Here’s what happened: One of the sticking points in the several days of talks that led to acceptance of the offer that saw Apollo and TPG offer $90 a share for Harrah’s stock and assume about $10 billion in debt was a demand by a group of directors led by Steve Bollenbach who wanted the right to fire any member of senior management until the moment when the deal closes.
That demand was purportedly aimed at Loveman, who became the target of Bollenbach’s ire after the co-chairman of Hilton Hotels supposedly became convinced the buyout proposal was engineered by Loveman for too low a price. The initial offer in early October by the two funds was $81 a share.
But negotiators for TPG and Apollo balked at giving directors the right to fire any members of current senior management.
"We’re buying management," was the quote attributed to them.
And so Loveman won his first vote of confidence from the people who matter most — the two groups that have agreed to spend more than $17 billion buying out Harrah’s shareholders.
Ironically, the $90 dollar a share offer will mean an estimated $450 million pay day (based on an estimated five million shares) for Barron Hilton, a former member of the Harrah’s board and the co-chairman (with Bollenbach) of Hilton Hotels.
It was Bollenbach and Hilton who brought the proposal for Harrah’s to buy Caesars Entertainment in 2004.One of the results of that was Hilton being given a seat on the Harrah’s board for one year, a term that ended earlier this year. Bollenbach got a two-year term that expires in April.
"In a case like this where you see Bollenbach taking the stand that he did, you have to imagine Barron standing right next to him," our source said.
This is from a senior executive familiar with both men in a company having nothing to do with the Harrah’s deal.

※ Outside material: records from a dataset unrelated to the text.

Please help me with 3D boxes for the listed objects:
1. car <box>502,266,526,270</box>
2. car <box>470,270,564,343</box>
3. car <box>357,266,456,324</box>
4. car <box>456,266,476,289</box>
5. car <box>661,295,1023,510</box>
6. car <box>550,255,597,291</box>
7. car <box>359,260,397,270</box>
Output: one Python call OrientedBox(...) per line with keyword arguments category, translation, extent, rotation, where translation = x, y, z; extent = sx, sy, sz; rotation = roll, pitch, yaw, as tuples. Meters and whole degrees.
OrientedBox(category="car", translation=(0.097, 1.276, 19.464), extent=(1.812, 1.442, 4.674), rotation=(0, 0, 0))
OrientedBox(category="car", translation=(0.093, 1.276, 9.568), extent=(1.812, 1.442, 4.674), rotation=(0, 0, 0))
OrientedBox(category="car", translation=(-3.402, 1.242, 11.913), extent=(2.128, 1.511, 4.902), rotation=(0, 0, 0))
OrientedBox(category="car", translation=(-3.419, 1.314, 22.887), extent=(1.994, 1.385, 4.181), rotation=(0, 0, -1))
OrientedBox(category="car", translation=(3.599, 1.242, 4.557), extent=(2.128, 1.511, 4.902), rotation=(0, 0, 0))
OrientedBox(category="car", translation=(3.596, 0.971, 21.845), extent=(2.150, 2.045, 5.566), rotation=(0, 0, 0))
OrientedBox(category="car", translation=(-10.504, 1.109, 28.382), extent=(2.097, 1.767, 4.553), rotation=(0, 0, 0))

"It makes you wonder," he continued, "if Steve had anything to do with the provision that allows Harrah’s 25 days to come up with a better deal."
Other sources familiar with Harrah’s strategy said acceptance of the buyout plan will add momentum to a streamlining plan at the corporate level that is expected to trim perhaps several hundred million in administrative expenses.
That’s apparently already begun with the pending departure of at least two executives — Anthony Sanfilippo, president of the company’s Central Division; and Anthony Santo, the senior vice president of operations, products and services.
But in a company like Harrah’s, where vice presidents have titles that often leave outsiders wondering what the job is all about, it is easy to imagine there will be other departures from the management ranks.
McKinsey & Company, which calls itself a "global management consulting company," has been brought in to offer its advice about what the Harrah’s of the future should look like. McKinsey seems to have been aboard at Harrah’s for quite some time, a fact that suggests the new look at Harrah’s was taking shape prior to the early October offer from Apollo and TPG.
Perhaps the day will come when in the interests of efficiency, Loveman will rip a page from the management style of the late Benny Binion and run Harrah’s from a booth in the Caesars coffee shop with a couple of cell phones and a BlackBerry to keep him company.
One of the expected steps to help develop added value will probably involve getting away from a regional approach to business and doing what’s necessary to enhance the appeal of three or four brands.
Loveman has previously said that the Harrah’s of the future will be pared down to about three resort brands — Harrah’s, Caesars and the Horseshoe.
An obvious fourth brand would be the World Series of Poker, which has demonstrated a global ability to generate revenue that has little to do with the numbers of bodies showing up in Las Vegas to play no limit hold ”˜em.